The Adventist Church, which is organized into 13 world divisions and two attached fields, saw the highest growth in the East-Central Africa Division, with 338,638 new members (334,571 baptisms and 4,067 professions of faith) for a total reported membership of 3,502,462. The division’s territory includes Rwanda, where 110,476 people were baptized after months of prayer and other TMI efforts culminated in evangelistic meetings at more than 2,000 sites in May 2016.
Blasious Ruguri, president of the East-Central Africa Division, said a tremendous miracle happened in Rwanda because of the active involvement of church members — “lay women, lay men, pastors, church elders, pastors’ wives, children, and church leaders from all church levels.”
“Never before had this kind of involvement been seen,” Ruguri said. “This unusual phenomenon brought an unusual awakening in the whole country.”
Alain Coralie, executive secretary for the East-Central Africa Division, said the Rwandan experience proves that “a healthy church singly focused on God’s mission will result in huge numerical growth.”
“In the East-Central Africa Division, we believe what happened in Rwanda in 2016 is just the beginning of greater things to come,” he said. “We are planning bigger campaigns this year and hope by God’s grace to see even bigger results.”
The Southern Africa-Indian Ocean Division had the second-highest growth with 276,601 new members, bringing its official membership to 3,747,573.
Retention and Discipleship
Trim also pointed to continuing record levels of church planting. A total of 2,655 local churches were established last year, or one new church every 3.3 hours, a figure just shy of the record of one new church every 3.2 hours in 2015.
“The statistics show that Global Mission’s focus on church planting is bearing fruit,” said Gary Krause, director of the world church’s Office of Adventist Mission. “I would say that church planting continues to be at least a major factor if not the major factor in powering sustained growth as new believers are nurtured in fellowship as growing disciples.”
Worldwide, the Adventist Church has 154,710 congregations, which include local churches, companies, and groups.
World church leaders rejoiced about the church’s rapid growth, but they also underscored that efforts must be made to nurture new members.
“We must remember that retention and nurture are the other side of the same coin as evangelism,” said G.T. Ng, executive secretary of the world church.
Krause echoed that sentiment.
“All heaven rejoices when just one person comes home to the Father,” he said. “Let’s join heaven’s celebration and praise God for these precious people. As a church, we now have the awesome responsibility to care for them, and to help nurture and grow them as committed disciples who, in turn, will share their new faith with others.”
While robust membership growth was reported last year, 352,722 members were deducted because of dropped membership or being registered as missing in church membership audits, Trim said. He noted that this is the lowest deduction since 2006.
“It would be wonderful if we could think the program of audits had now picked up all the members who have left the church and deducted them from official records,” he said. “But we know with great certainty from a number of sources that that’s not the case.”

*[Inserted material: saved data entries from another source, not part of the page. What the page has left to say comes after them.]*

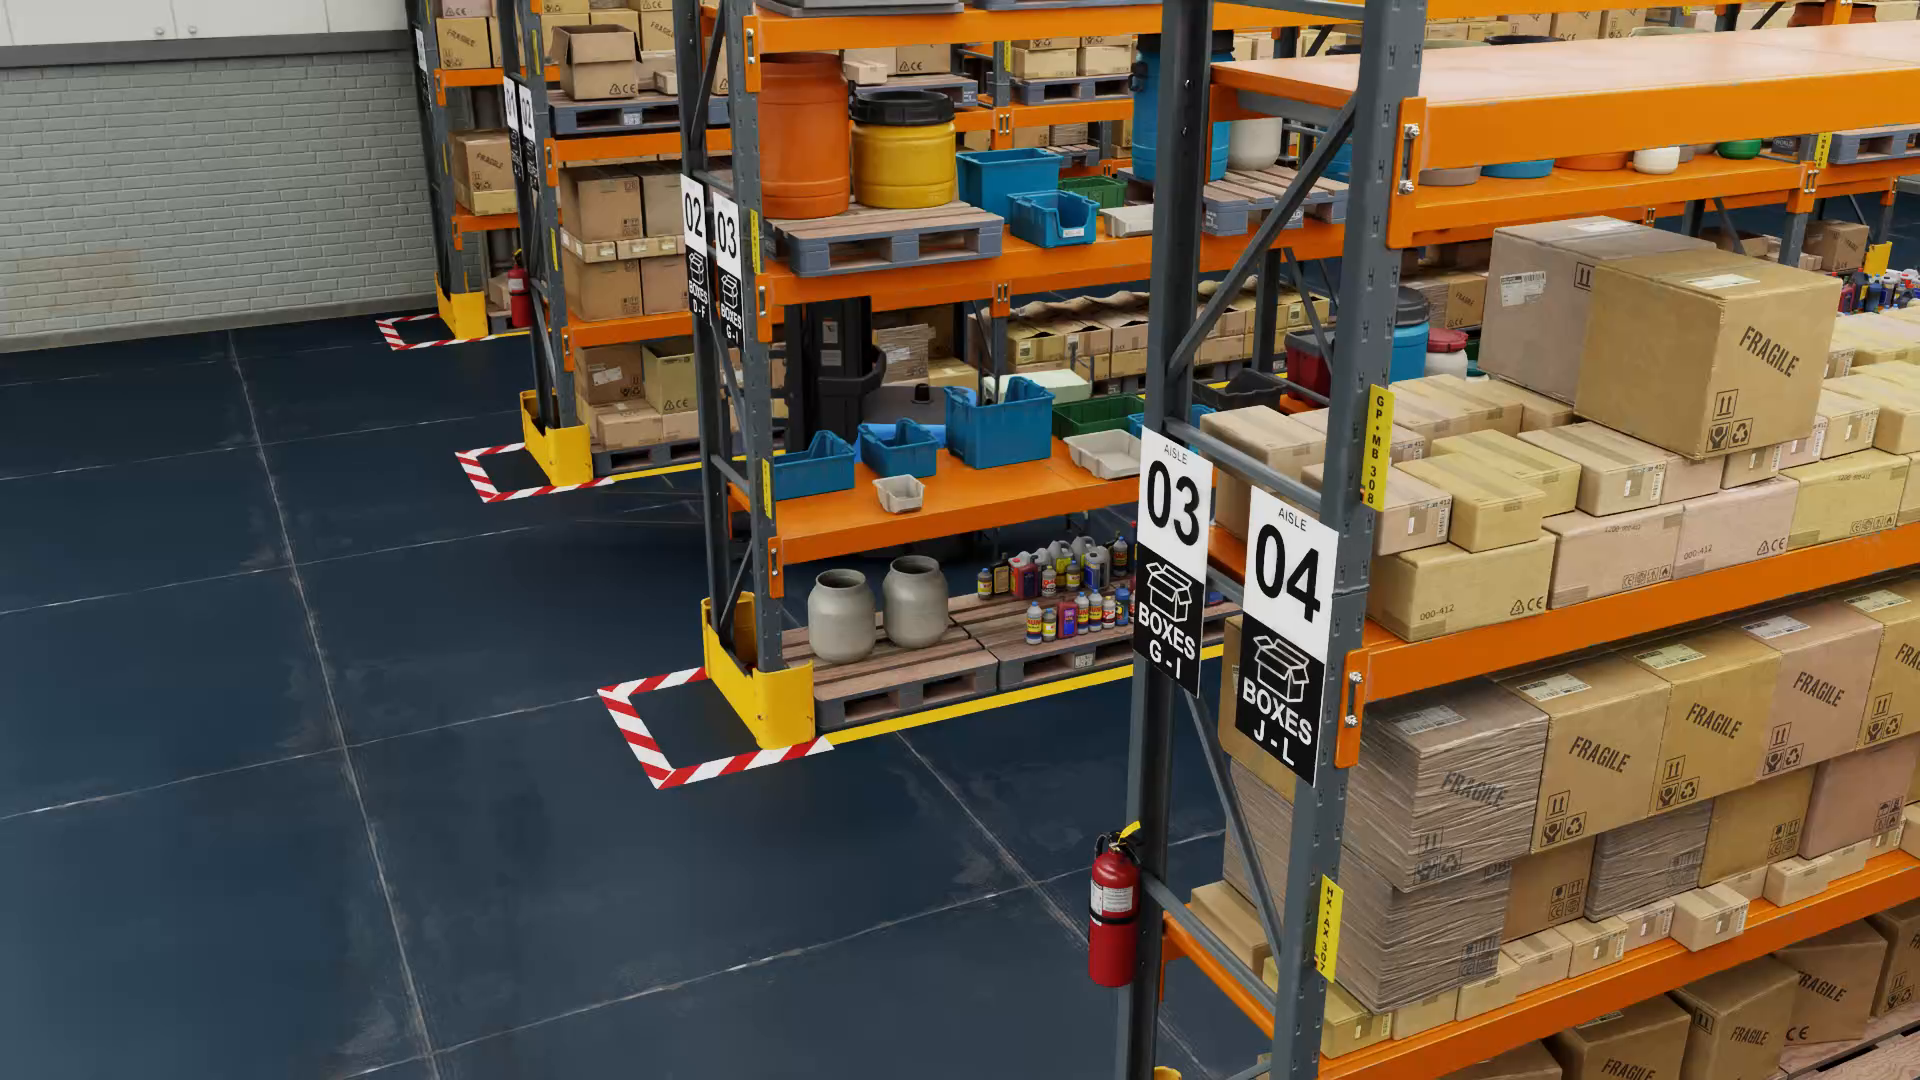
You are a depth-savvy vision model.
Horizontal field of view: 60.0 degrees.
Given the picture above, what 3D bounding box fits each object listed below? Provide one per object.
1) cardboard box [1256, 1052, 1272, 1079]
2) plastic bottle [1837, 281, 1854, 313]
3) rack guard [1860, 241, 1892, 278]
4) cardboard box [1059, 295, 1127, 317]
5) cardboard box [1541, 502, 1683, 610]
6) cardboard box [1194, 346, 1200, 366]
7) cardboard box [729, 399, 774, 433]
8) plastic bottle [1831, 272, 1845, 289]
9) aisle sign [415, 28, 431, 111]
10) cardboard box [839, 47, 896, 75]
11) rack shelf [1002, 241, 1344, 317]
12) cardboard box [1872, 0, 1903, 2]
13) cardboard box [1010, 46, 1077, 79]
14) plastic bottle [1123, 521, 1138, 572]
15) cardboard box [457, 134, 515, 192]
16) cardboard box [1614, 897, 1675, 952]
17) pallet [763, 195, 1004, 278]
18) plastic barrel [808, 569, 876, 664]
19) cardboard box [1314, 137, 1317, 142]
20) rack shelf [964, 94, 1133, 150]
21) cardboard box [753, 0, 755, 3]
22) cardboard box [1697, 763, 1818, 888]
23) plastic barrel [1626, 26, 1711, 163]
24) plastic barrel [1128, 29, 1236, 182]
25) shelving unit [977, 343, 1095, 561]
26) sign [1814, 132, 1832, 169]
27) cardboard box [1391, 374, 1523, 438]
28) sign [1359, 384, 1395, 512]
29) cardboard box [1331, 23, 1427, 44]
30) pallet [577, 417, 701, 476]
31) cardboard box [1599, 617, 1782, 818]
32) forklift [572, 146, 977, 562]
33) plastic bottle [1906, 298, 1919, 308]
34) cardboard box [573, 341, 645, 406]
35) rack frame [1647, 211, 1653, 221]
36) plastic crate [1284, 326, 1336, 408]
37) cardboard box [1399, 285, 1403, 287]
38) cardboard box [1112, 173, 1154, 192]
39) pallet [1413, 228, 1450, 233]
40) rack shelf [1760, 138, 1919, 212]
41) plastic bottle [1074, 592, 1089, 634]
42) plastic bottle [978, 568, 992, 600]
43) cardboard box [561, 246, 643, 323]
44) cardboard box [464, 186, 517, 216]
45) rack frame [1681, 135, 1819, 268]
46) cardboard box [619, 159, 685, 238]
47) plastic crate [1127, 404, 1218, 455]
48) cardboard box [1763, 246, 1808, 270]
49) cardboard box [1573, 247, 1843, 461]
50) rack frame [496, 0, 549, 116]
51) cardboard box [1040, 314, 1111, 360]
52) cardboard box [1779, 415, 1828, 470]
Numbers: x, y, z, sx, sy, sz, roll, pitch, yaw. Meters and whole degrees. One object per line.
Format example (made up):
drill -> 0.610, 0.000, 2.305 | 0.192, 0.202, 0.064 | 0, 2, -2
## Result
cardboard box -> 1.422, 2.226, 6.170 | 0.500, 0.500, 0.500 | -6, 23, -14
plastic bottle -> 7.350, -2.002, 13.817 | 0.133, 0.283, 0.061 | -10, 25, -24
rack guard -> 10.907, -3.538, 20.644 | 0.348, 0.500, 1.175 | -10, 25, -24
cardboard box -> 1.320, -2.234, 16.539 | 0.500, 0.311, 0.500 | -11, 25, -24
cardboard box -> 1.860, -0.032, 5.181 | 0.500, 0.250, 0.500 | -11, 25, -25
cardboard box -> 2.019, -1.876, 16.406 | 0.500, 0.250, 0.500 | -10, 24, -23
cardboard box -> -1.962, -1.155, 14.664 | 0.500, 0.250, 0.500 | -10, 25, -24
plastic bottle -> 7.283, -2.064, 13.879 | 0.185, 0.351, 0.144 | -10, 25, -24
aisle sign -> -5.528, -4.844, 17.132 | 0.004, 0.787, 0.394 | -10, 25, -24
cardboard box -> -0.892, -4.237, 14.526 | 0.500, 0.311, 0.500 | -12, 25, -26
rack shelf -> 1.965, -2.715, 16.327 | 4.000, 0.370, 1.077 | -10, 25, -24
cardboard box -> 10.520, -6.509, 19.193 | 0.500, 0.500, 0.700 | -10, 25, -24
cardboard box -> 0.722, -4.325, 15.002 | 0.500, 0.250, 0.500 | -8, 24, -18
plastic bottle -> 1.230, 0.035, 11.631 | 0.185, 0.351, 0.144 | -12, 25, -26
cardboard box -> -5.033, -4.020, 17.730 | 0.500, 0.500, 0.500 | -10, 25, -24
cardboard box -> 2.335, 1.304, 6.006 | 0.250, 0.149, 0.380 | -10, 25, -24
pallet -> -0.509, -1.746, 9.372 | 1.213, 0.211, 1.003 | -10, 25, -24
plastic barrel -> -0.737, 0.476, 10.383 | 0.421, 0.512, 0.421 | 0, 22, 0
cardboard box -> 4.568, -5.411, 22.203 | 0.250, 0.149, 0.380 | -10, 24, -22
rack shelf -> 1.965, -4.101, 15.753 | 4.000, 0.370, 1.077 | -10, 25, -24
cardboard box -> -2.323, -6.149, 18.296 | 0.500, 0.500, 0.500 | -13, 26, -28
cardboard box -> 2.683, 0.826, 6.313 | 0.500, 0.500, 0.875 | -10, 25, -24
plastic barrel -> 5.078, -3.227, 12.048 | 0.600, 0.901, 0.600 | 0, 22, 0
plastic barrel -> 1.365, -2.691, 10.203 | 0.708, 0.901, 0.600 | -10, 25, -24
shelving unit -> 0.555, -0.658, 12.379 | 0.755, 1.500, 0.431 | -7, 24, -17
sign -> 6.157, -2.820, 11.857 | 0.005, 0.325, 0.100 | -10, 25, -24
cardboard box -> 1.667, -0.428, 5.614 | 0.250, 0.149, 0.380 | -10, 25, -23
sign -> 1.087, -0.240, 4.344 | 0.005, 0.325, 0.100 | -10, 25, -24
cardboard box -> 4.146, -4.895, 16.601 | 0.500, 0.500, 0.910 | -10, 25, -24
pallet -> -2.770, -0.905, 14.660 | 1.213, 0.211, 1.003 | -10, 25, -24
cardboard box -> 2.369, 0.556, 5.658 | 0.500, 0.500, 0.500 | -10, 25, -24
forklift -> -1.394, -1.392, 12.280 | 3.031, 2.935, 1.130 | 1, 23, 3
plastic bottle -> 7.692, -1.804, 13.349 | 0.135, 0.276, 0.152 | -10, 25, -24
cardboard box -> -3.087, -1.513, 14.550 | 0.500, 0.500, 0.500 | -10, 25, -24
rack frame -> 7.371, -4.042, 18.594 | 0.127, 3.000, 1.000 | -10, 25, -24
plastic crate -> 2.611, -1.223, 11.699 | 0.583, 0.464, 0.402 | -10, 25, -24
cardboard box -> 4.301, -2.404, 17.329 | 0.500, 0.500, 0.500 | -9, 24, -21
cardboard box -> 2.335, -4.363, 21.630 | 0.750, 0.750, 0.750 | -11, 25, -24
pallet -> 4.347, -3.427, 17.358 | 1.003, 0.211, 1.213 | -10, 25, -24
rack shelf -> 7.714, -3.057, 13.231 | 4.000, 0.370, 1.077 | -10, 25, -24
plastic bottle -> 0.781, 0.463, 10.702 | 0.097, 0.271, 0.097 | 0, 22, 0
plastic bottle -> 0.168, 0.290, 11.212 | 0.097, 0.201, 0.097 | 0, 22, 0
cardboard box -> -3.015, -2.171, 13.942 | 0.500, 0.500, 0.700 | -10, 25, -24
cardboard box -> -5.016, -3.670, 17.864 | 0.500, 0.250, 0.500 | -11, 25, -25
rack frame -> 5.912, -1.671, 12.865 | 0.127, 3.000, 1.000 | -10, 25, -24
cardboard box -> -2.496, -2.868, 13.931 | 0.500, 0.500, 0.700 | -11, 25, -25
plastic crate -> 1.428, -0.662, 10.621 | 0.616, 0.251, 0.499 | -10, 25, -24
cardboard box -> 9.723, -3.316, 19.860 | 0.500, 0.250, 0.500 | -10, 25, -24
cardboard box -> 2.307, -0.591, 5.161 | 0.500, 0.500, 0.500 | -11, 25, -24
rack frame -> -3.441, -4.824, 12.638 | 0.127, 3.000, 1.000 | -10, 25, -24
cardboard box -> 1.097, -1.962, 15.881 | 0.500, 0.311, 0.500 | -11, 25, -24
cardboard box -> 2.591, -0.366, 5.464 | 0.250, 0.149, 0.380 | -11, 25, -24

He said an average of 584,000 people were deducted annually over the past 10 years, and if the same number had been deducted in 2016, overall membership would not have reached 20 million.
“The spiritual lesson here is that we shouldn’t be so blinded by numbers that we seek only to add, that we only baptize and don’t nurture new members into a live of active discipleship,” he said.
“However, all these borne in mind, we can still praise God for passing the important milestone of 20 million in our reported membership and praise God even more for the more than 1.3 million people who united themselves with God’s remnant church in 2016,” he said. “Now we need to make sure we retain them all so that they are in the kingdom at the last judgment.”